5.5. Comparison of NSA with CSA
The experiments are performed to compare the performance of NSA with CSA on different dataset subsets and the results of both for anomaly detection and false positives are compared, as shown in Table 3. In Table 3, the number of anomalies detected and false positive ratio shows the performance of both the algorithms on particular dataset parts. It is clear from the table that, for dataset parts 1, 2, 4, 5, 7, 9, and 10, NSA gives better results. For dataset parts 3, 6, and 8, CSA performs better.
Comparison of NSA and CSA.
Comparison is also performed for the whole dataset. In the first case, only some of the files of the same dataset are used for comparison. In the second comparison, results of both the algorithms for the whole dataset are produced, as shown in Figure 7. Normal and anomalous sensor network packets, undetected packets, and false positive rate for both the algorithms are shown. The results of the experiments show that the detection rate of NSA is 97.3% and the false positive rate is ±2.6%, whereas, for CSA, the detection rate is 88% and false positive rate is 3.4%. This clearly shows that NSA performs better than CSA in terms of both detection rate and false positive rate.

Comparison of NSA and CSA for complete dataset.
5.6. Comparison with Other State-of-the-Art Techniques
A theoretical comparison of the proposed technique is also performed with other state-of-the-art techniques available in the literature for anomaly detection in WSNs. The comparison is based on the algorithm used, characteristics, and usability of these techniques, which is presented in Table 4.
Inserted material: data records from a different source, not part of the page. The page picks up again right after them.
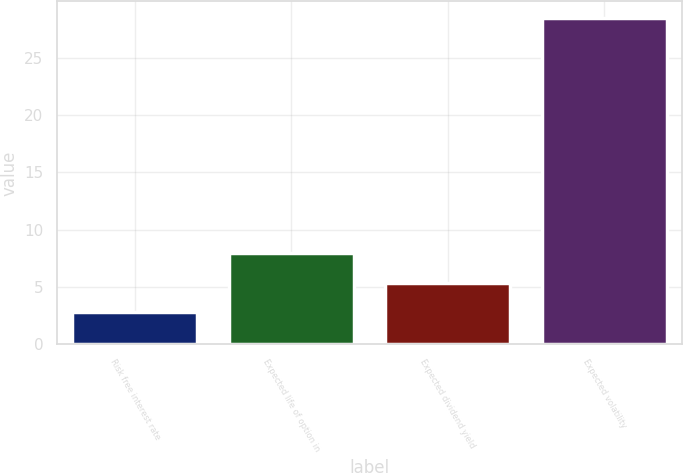<chart> <loc_0><loc_0><loc_500><loc_500><bar_chart><fcel>Risk free interest rate<fcel>Expected life of option in<fcel>Expected dividend yield<fcel>Expected volatility<nl><fcel>2.8<fcel>7.94<fcel>5.37<fcel>28.5<nl></chart> 
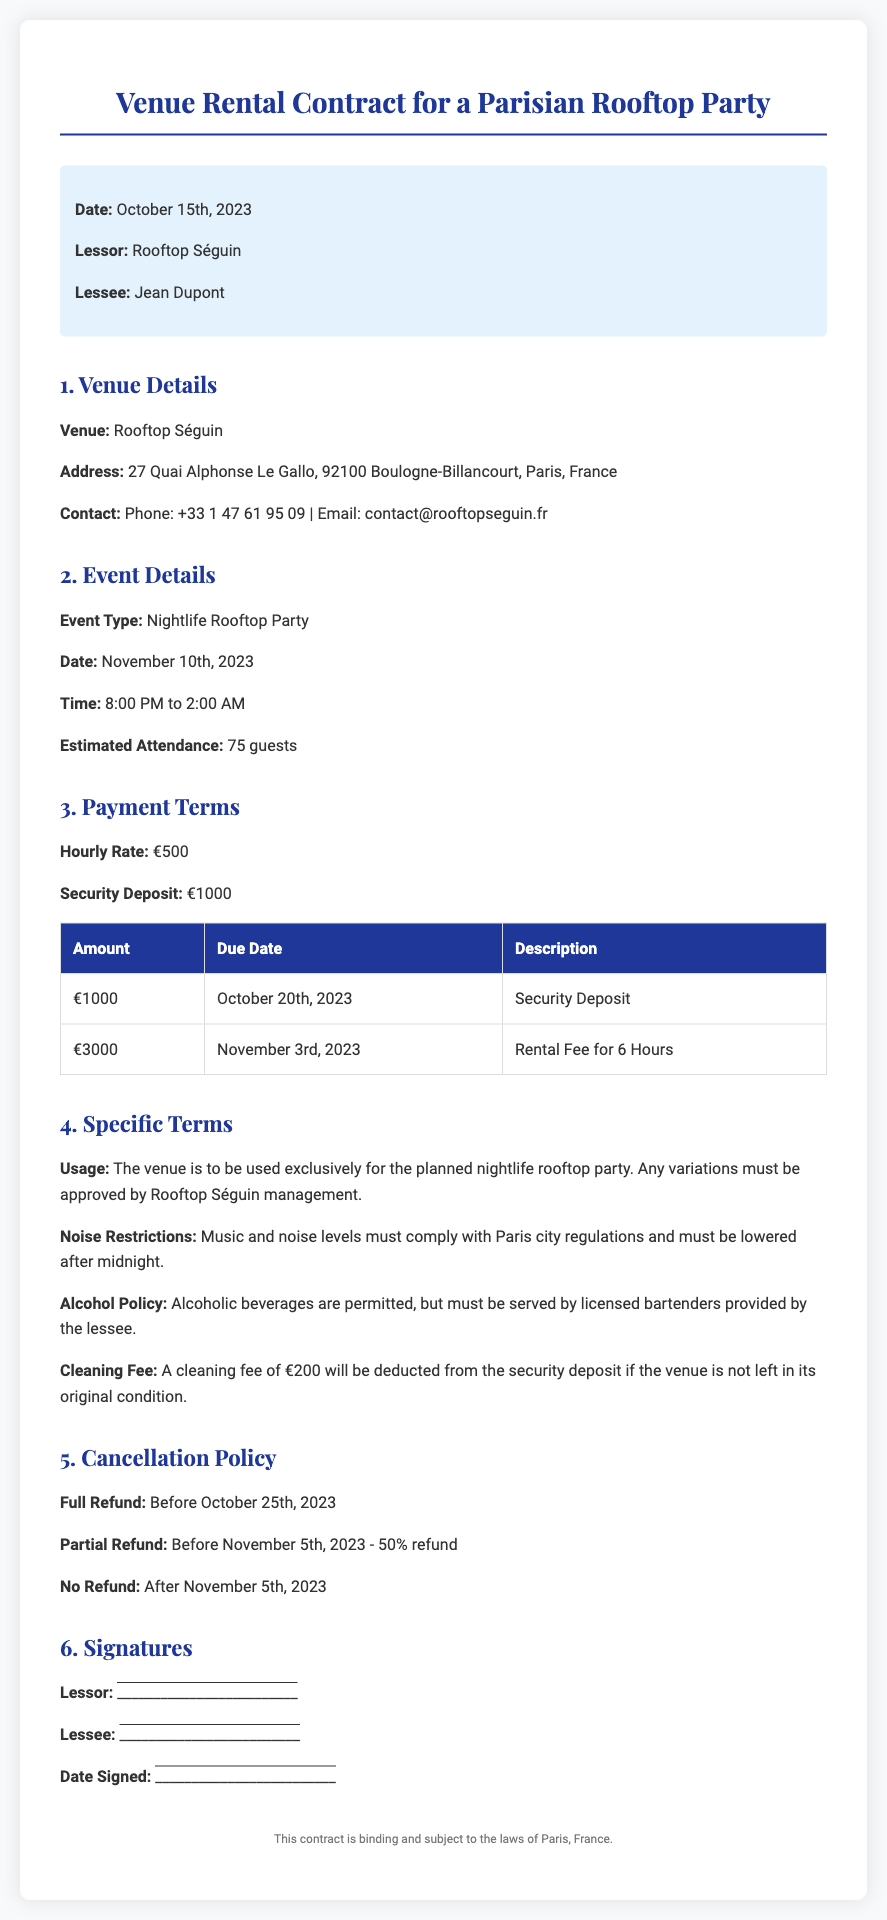What is the date of the event? The date of the event is explicitly stated in the document under Event Details.
Answer: November 10th, 2023 Who is the lessee? The lessee's name is provided in the highlight section at the beginning of the document.
Answer: Jean Dupont What is the hourly rate for the venue rental? The hourly rate can be found in the Payment Terms section of the document.
Answer: €500 What is the total amount due for the rental fee? The total rental fee is given in the Payment Terms table under the description 'Rental Fee for 6 Hours.'
Answer: €3000 What is the cancellation policy for a full refund? The cancellation policy is specified in the Cancellation Policy section, indicating the date for a full refund.
Answer: Before October 25th, 2023 What is the cleaning fee if the venue is not left in original condition? The cleaning fee is stated in the Specific Terms section of the document.
Answer: €200 Which policy states that alcohol must be served by licensed bartenders? The specific term related to alcohol service is detailed in the Specific Terms section.
Answer: Alcohol Policy When is the security deposit due? The due date for the security deposit is mentioned in the Payment Terms table.
Answer: October 20th, 2023 
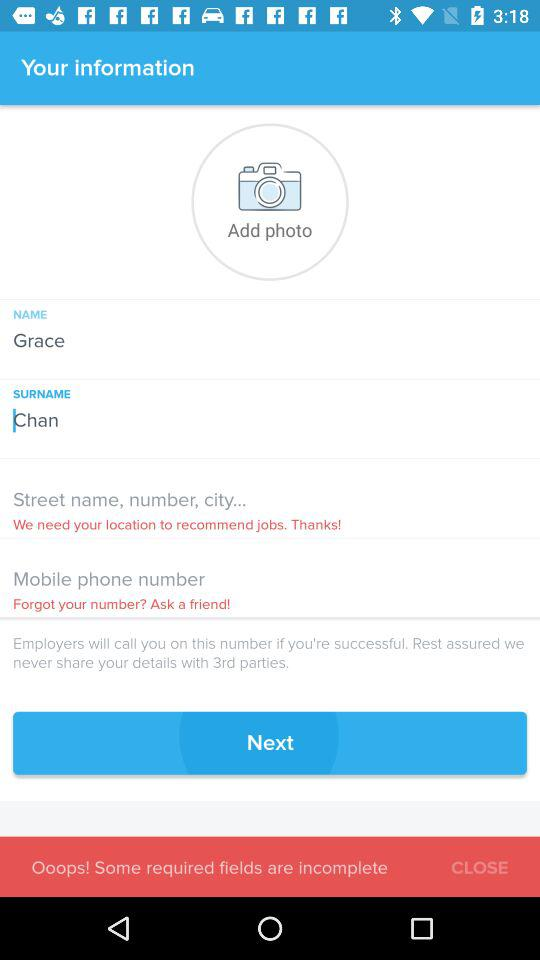What is the surname? The surname is Chan. 
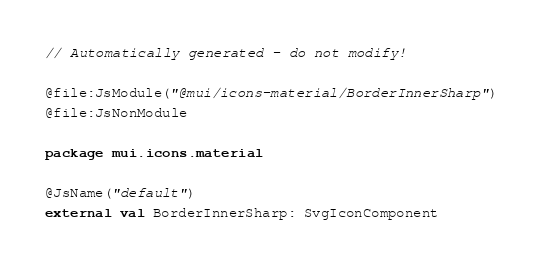<code> <loc_0><loc_0><loc_500><loc_500><_Kotlin_>// Automatically generated - do not modify!

@file:JsModule("@mui/icons-material/BorderInnerSharp")
@file:JsNonModule

package mui.icons.material

@JsName("default")
external val BorderInnerSharp: SvgIconComponent
</code> 
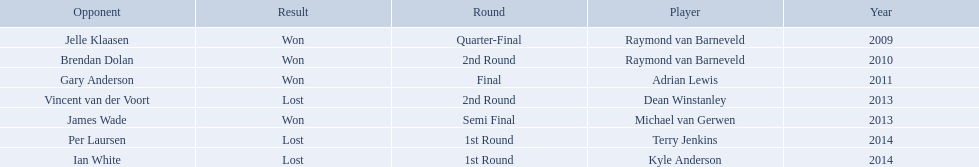Who are the players at the pdc world darts championship? Raymond van Barneveld, Raymond van Barneveld, Adrian Lewis, Dean Winstanley, Michael van Gerwen, Terry Jenkins, Kyle Anderson. When did kyle anderson lose? 2014. Which other players lost in 2014? Terry Jenkins. Did terry jenkins win in 2014? Terry Jenkins, Lost. If terry jenkins lost who won? Per Laursen. Who were the players in 2014? Terry Jenkins, Kyle Anderson. Did they win or lose? Per Laursen. 
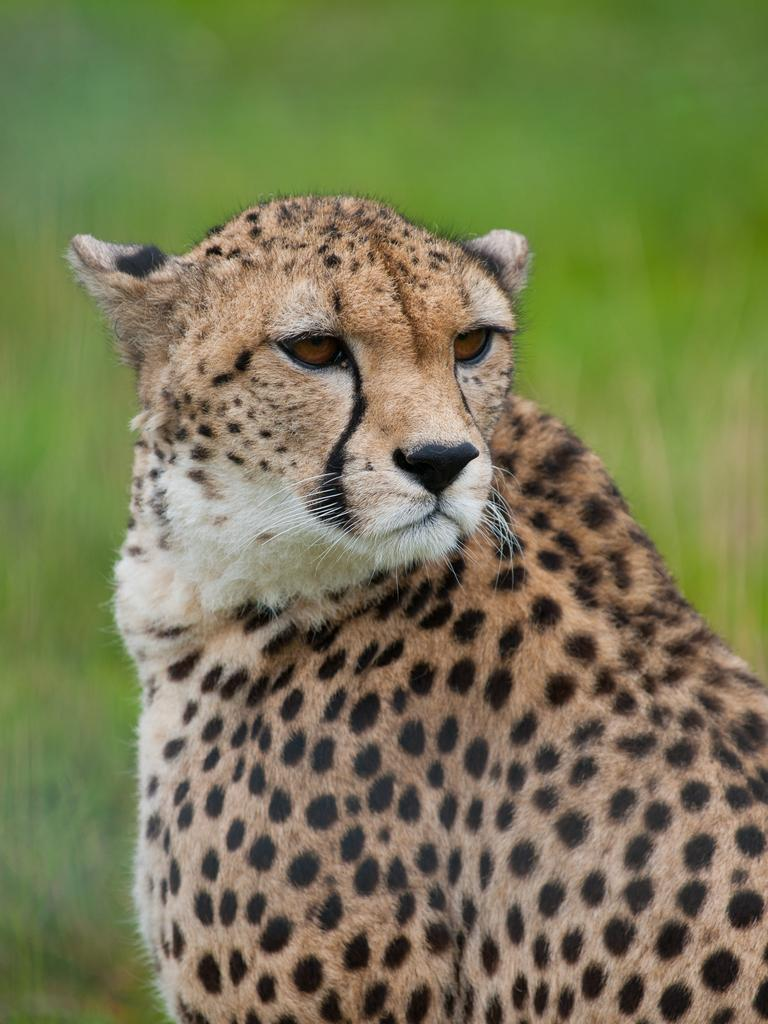What type of animal is in the image? There is a leopard in the image. What type of potato is being used to cry in the image? There is no potato or crying depicted in the image; it features a leopard. What type of blade is being used by the leopard in the image? There is no blade present in the image; it features a leopard without any tools or objects. 
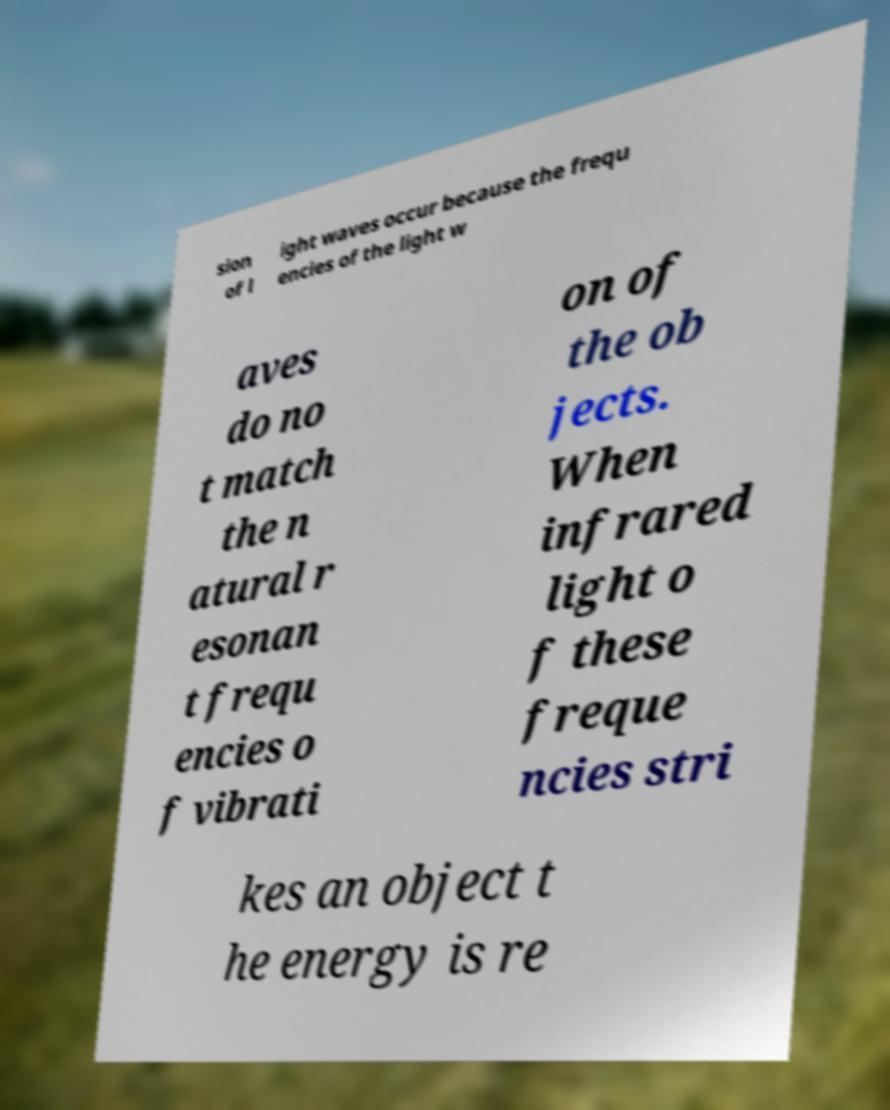Please read and relay the text visible in this image. What does it say? sion of l ight waves occur because the frequ encies of the light w aves do no t match the n atural r esonan t frequ encies o f vibrati on of the ob jects. When infrared light o f these freque ncies stri kes an object t he energy is re

Comparison of techniques for Anomaly detection in WSNs.
6. Conclusion
Artificial Immune System (AIS) is an active research area and researchers have been using AIS for network intrusion detection as well as other optimization problems. In this paper, we presented an enhanced Negative Selection Algorithm (NSA) for anomaly detection in Wireless Sensor Networks (WSNs). We first implemented simple NSA and tested on the dataset having random anomalies, and results were calculated. Then, the enhanced NSA is implemented for a large dataset having normal and anomalous packets. Experiments are performed to check the accuracy, detection rate (DR), and false positive rate (FPR) of the proposed algorithm. According to the results of our experiments, the accuracy of the proposed NSA is found to be 89.1% with a DR of 97.3% and FPR of ±2.6%. For comparison, another immune-based technique known as Clonal Selection Algorithm (CSA) is used. CSA is implemented for the detector generation, and anomalies are identified using the detector set. Simulations of both the algorithms are performed on different parts of the dataset, and the results for anomaly detection and false positive rates are calculated and compared. The experiments showed that the proposed NSA exhibited better results as compared to CSA for most of the cases. Comparison on the complete dataset also showed that NSA had a low FPR and high DR as compared to CSA. NSA is, therefore, a good candidate for real-world problems such as anomaly detection in WSNs. The advantage of using this technique is that it gives more efficiency in terms of detection and is easy to implement. Future work includes accommodating some other anomalies for detection in WSNs. FPR can be further reduced by incorporating other variations of the AIS algorithm.